Lorena Patterson, President of AMGN (far left); David Madero, Director General of CENAGAS; Jan Frowijn, Director General of The ROSEN Group Mexico; Alejandro Lupiañez, Vice President of Mexico Operations for Wood Group (far right) during Mexico Oil & Gas Summit 2017.

The classic demand and supply dynamic will determine how quickly Mexico develops its natural gas pipeline, panelists said at the Mexico Oil & Gas Summit 2017 as they reflected on the challenges and opportunities that Mexico’s fast-growing pipeline network entails.

“We are experiencing a transformation. From having a government controlled industry, we are now going to a market-controlled dynamic. This means that transformation incentives such as price differentials will have to come from the market,” said David Madero, Director General of CENAGAS, during the panel discussion at the Hotel Sheraton María Isabel in Mexico City on Wednesday.

Madero was joined by Lorena Patterson, President of AMGN; Jan Frowijn, Director General of the ROSEN Group Mexico; and Alejandro Lupiañez, Vice President of Mexico Operations for Wood Group.

Patterson said that attending infrastructure needs such as the creation of pipelines was key for the development of the natural gas market. “Natural gas is a fairly convenient energy source for Mexico; it is the most economical, cleanest and efficient fuel.” Madero agreed that characteristics inherent to natural gas, alongside its multiple uses, are driving a rise in demand. “Natural gas will continue being very important not only for the energy industry — the manufacturing industry will also benefit and even residential areas.”

Frowijn added that even though market development is important, clear regulations are needed to further its growth. “Setting a regulatory framework and its subsequent implementation are crucial.” For Lupiañez, even though natural gas can be a catalyst for the development of a pipeline network, the rules of the game must be clear before planning even starts for more infrastructure construction. “We need transparency regarding the regulatory framework and its interpretation.”

Madero echoed that sentiment, adding that in Mexico, of all hydrocarbons, natural gas has the most up-to-date and stable regulation.

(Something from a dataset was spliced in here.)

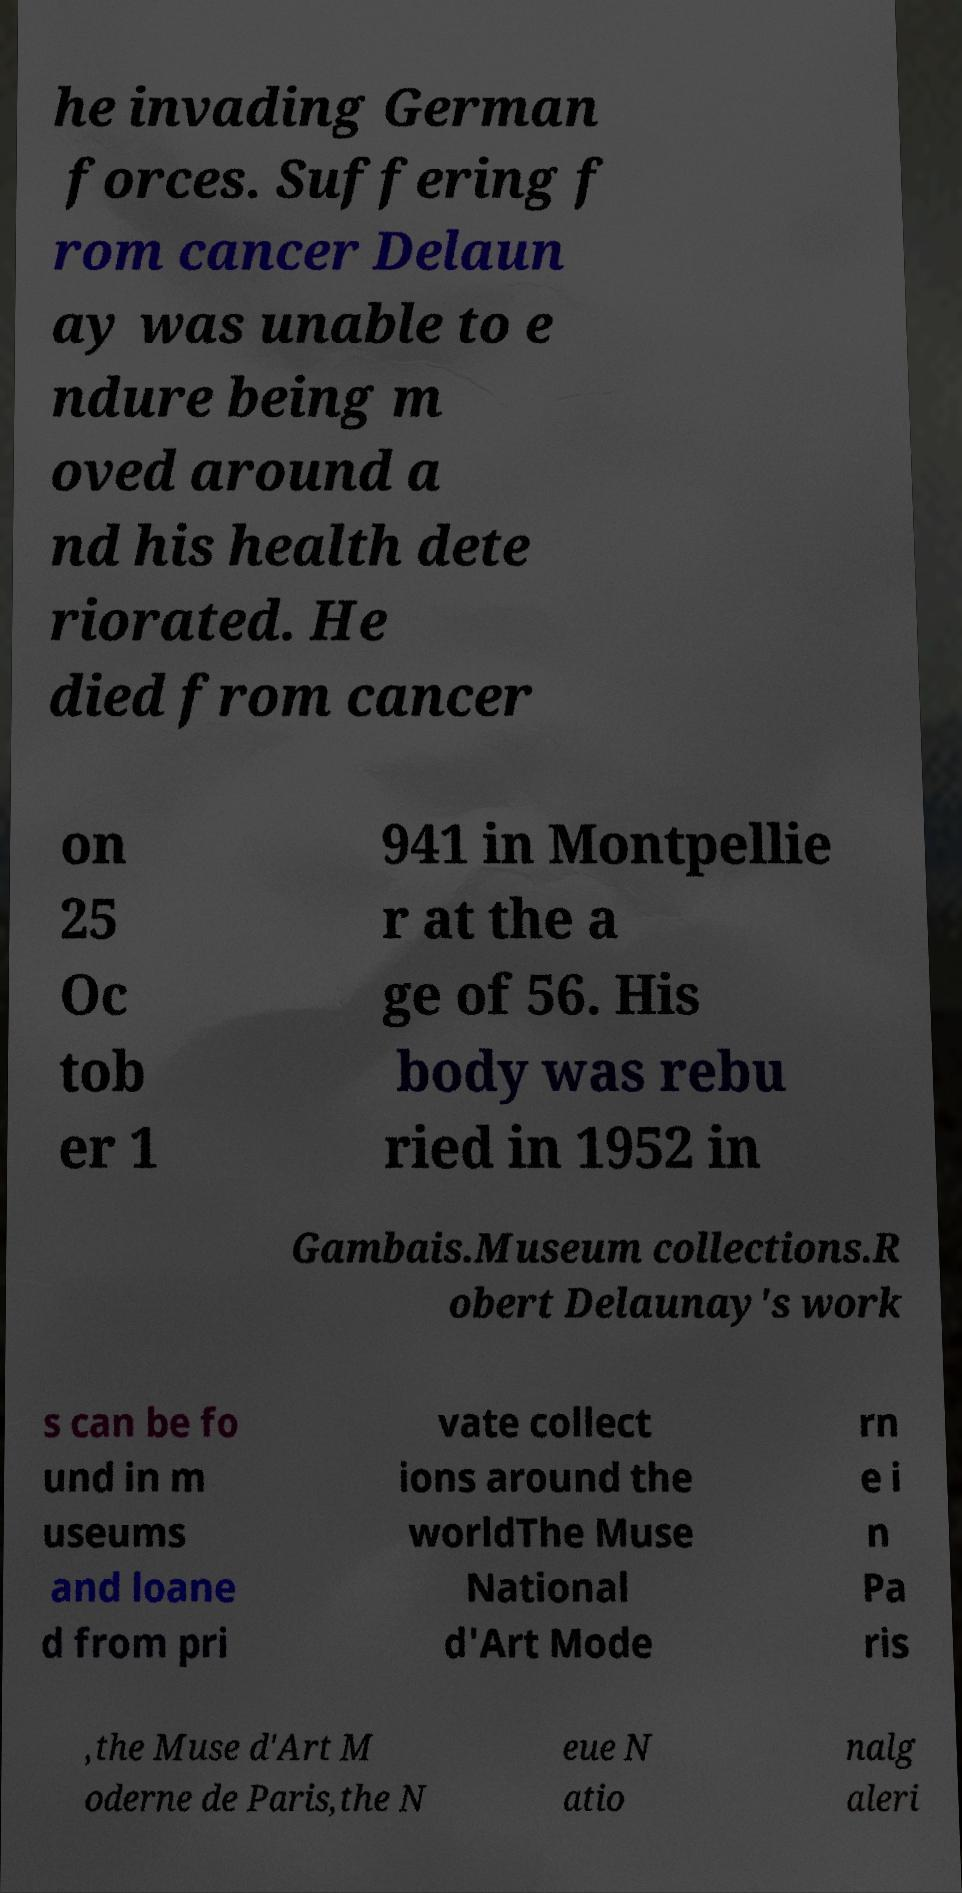Can you read and provide the text displayed in the image?This photo seems to have some interesting text. Can you extract and type it out for me? he invading German forces. Suffering f rom cancer Delaun ay was unable to e ndure being m oved around a nd his health dete riorated. He died from cancer on 25 Oc tob er 1 941 in Montpellie r at the a ge of 56. His body was rebu ried in 1952 in Gambais.Museum collections.R obert Delaunay's work s can be fo und in m useums and loane d from pri vate collect ions around the worldThe Muse National d'Art Mode rn e i n Pa ris ,the Muse d'Art M oderne de Paris,the N eue N atio nalg aleri

However, he also acknowledged that for it to continue growing, it needs to have a more developed and strong regulatory framework. “Regulations need to be modernized alongside the industry.”

While a clear set of rules is necessary, Frowijn said that will only go so far. “The future of the industry is not technology or laws and regulations. At the heart of the development are people. It is important to transfer knowledge and to support the creation of a new generation of professionals.” Lupiañez said that in a country as diverse and big as Mexico, the transfer of knowledge and experience is crucial: “The problems associated with building the needed network change depending on which part of the country you are. Although we have the required technology to do it, we encounter several problems related to local communities. We need people with experience to deal with this.”

Still, Lupiañez is confident and believes that the missing pieces of the puzzle are trust and communication among all the players. “Technology companies need to be involved in the decision-making process from day one and not just at the end,” he said.

Although demand will continue growing, it will be volatile, which is why investors want transparency, Madero said. “Investors need clarity and certainty regarding their investments, knowing that there will be volatility associated with the appearance of renewable energies. Providing good and competitive services will help companies to obtain profit and contribute to the development of the market.”